RNAs 1 and 2 of the tripartite genome of Alfalfa mosaic virus (AMV) encode the two viral replicase subunits. Full-length DNA copies of RNAs 1 and 2 were used to transform tobacco plants (R12 lines). None of the transgenic lines showed resistance to AMV infection. In healthy R12 plants, the transcripts of the viral cDNAs were copied by the transgenic viral replicase into minus-strand RNAs but subsequent steps in replication were blocked. When the R12 plants were inoculated with AMV RNA 3, this block was lifted and the transgenic RNAs 1 and 2 were amplified by the transgenic replicase together with RNA 3. The transgenic expression of RNAs 1 and 2 largely circumvented the role of coat protein (CP) in the inoculum that is required for infection of nontransgenic plants. The results for the first time demonstrate the role of CP in AMV plus-strand RNA synthesis at the whole plant level.

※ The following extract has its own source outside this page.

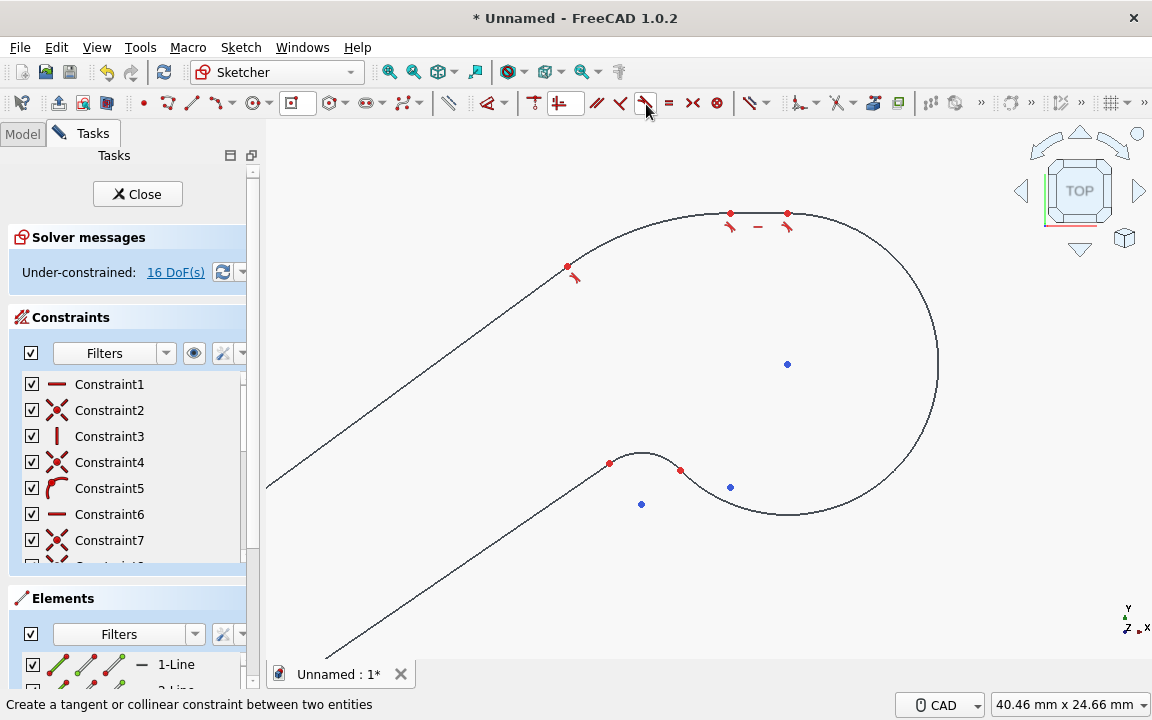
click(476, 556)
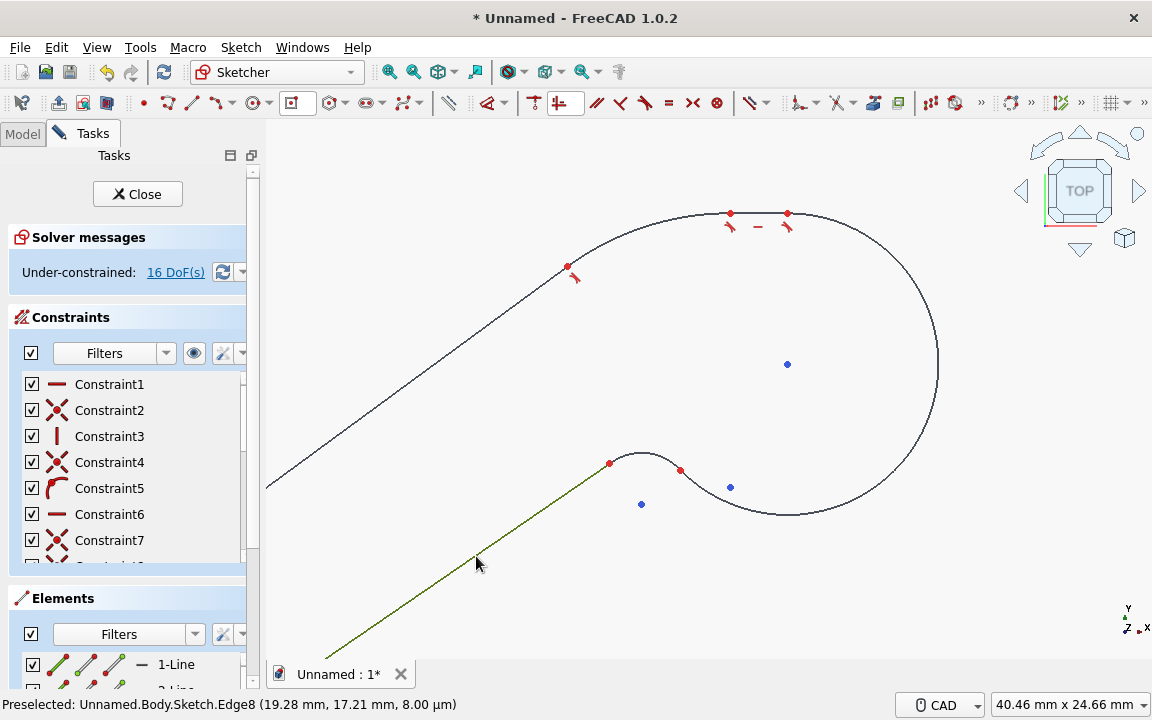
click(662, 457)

Genetic dissection of the multiple functions of alfalfa mosaic virus coat protein in viral RNA replication, encapsidation, and movement

Coat protein (CP) of alfalfa mosaic virus (AMV) binds as a dimer to the 3' termini of the three genomic RNAs and is required for initiation of infection, asymmetric plus-strand RNA accumulation, virion formation, and spread of the virus in plants. A mutational analysis of the multiple functions of AMV CP was made. Mutations that interfered with CP dimer formation in the two-hybrid system had little effect on the initiation of infection or plus-strand RNA accumulation but interfered with virion formation and reduced or abolished cell-to-cell movement of the virus in plants. Six of the 7 basic amino acids in the N-terminal arm of CP (positions 5, 6, 10, 13, 16, and 25) could be deleted or mutated into alanine without affecting any step of the replication cycle except systemic movement in plants. Mutation of Arg-17 interfered with initiation of infection (as previously shown by others) and cell-to-cell movement of the virus but not with plus-strand RNA accumulation or virion formation. The results indicate that in addition to the RNA-binding domain, different domains of AMV CP are involved in initiation of infection, plus-strand RNA accumulation, virion formation, cell-to-cell movement, and systemic spread of the virus.